The drama of the music, as in the poem, is primarily psychological, taking place mainly in the sick mind of poor Tom as he is tormented by both his plight as a beggar and the inscrutable hallucinations and delusions which haunt him day and night. The music is broken up into four sections, each of which corresponds to a stanza of the poem. Between each of these sections, a short refrain appears in which Tom sings his begging song, asking for food, clothes, and money, while reassuring the listener that he is in fact completely harmless. In the first stanza, Tom offers words of caution to the listener. During the first part of this first section, the vocal line hovers between speech and song, making use of occasional extended techniques such as vocal fry, sprechgesang, and falsetto singing. Tom then breaks into an obsessive sing-song as he urges the listener to take care lest they find themselves in the same condition as he. In the second stanza, Tom describes his time in the Bedlam asylum. Within this stanza, the language used to describe to horrors of Bedlam directly contradicts the situations themselves (“stubble soft and dainty,” “Sweet whips,” “wholesome hunger,” etc.). Throughout this section, a Renaissance dance tune appears in various guises, juxtaposed with violent outbursts from the winds and brass and brutal whip strokes and anvil strikes from the percussion. In the third stanza, Tom bemoans his constant loneliness accompanied by far-off animal cries and faint snatches of distant church music. Here, the music requires the singer to navigate large leaps, constantly breaking from full voice to falsetto. This technique serves to heighten the sorrowful mood as Tom softly weeps and moans to himself. The fourth stanza sees Tom being whisked away by his delusions and hallucinations. Tom joins in an imaginary battle and imagines a journey far beyond the edge of the known world. The music here is militaristic, complete with drums, cymbals, and fanfares, however, everything is distorted and confused as Tom attempts to march with a beat that is mercurial and impossible to follow. It is not he who has gone mad, it is the world around him. However, in the end, reality takes over and a despondent Tom wanders away into the distance still bemoaning his pitiful condition.

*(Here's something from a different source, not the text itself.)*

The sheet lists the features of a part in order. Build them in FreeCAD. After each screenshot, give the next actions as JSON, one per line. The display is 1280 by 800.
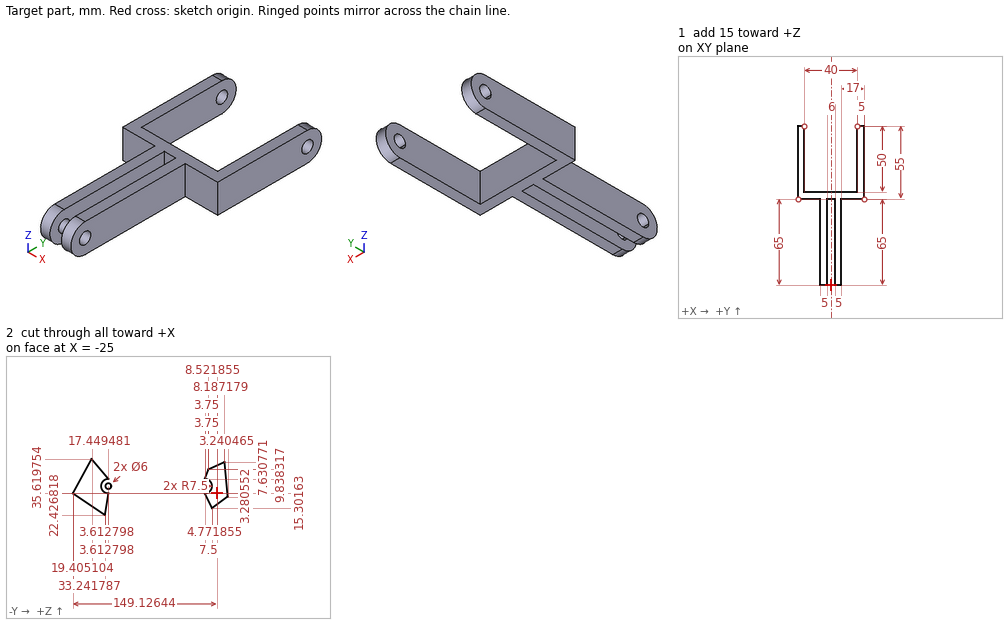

Casting a shadow over the entire piece is the spectre of the famous song “L’Homme Armé” (“The Armed Man”). Much of the melodic and harmonic material throughout the piece is based on motives found in “L’Homme Armé,” and in the final section of the piece, the armed man finally reveals himself in the form of a wild tarentella that bursts forth suddenly and violently. “L’Homme Armé” also forms the basis for the Rennaissance-like church music that emerges from the distance in the third section as well as at the very end of the piece. The constant presence of the “armed man” throughout the piece serves as a reminder that violence and insanity are part and parcel of one another.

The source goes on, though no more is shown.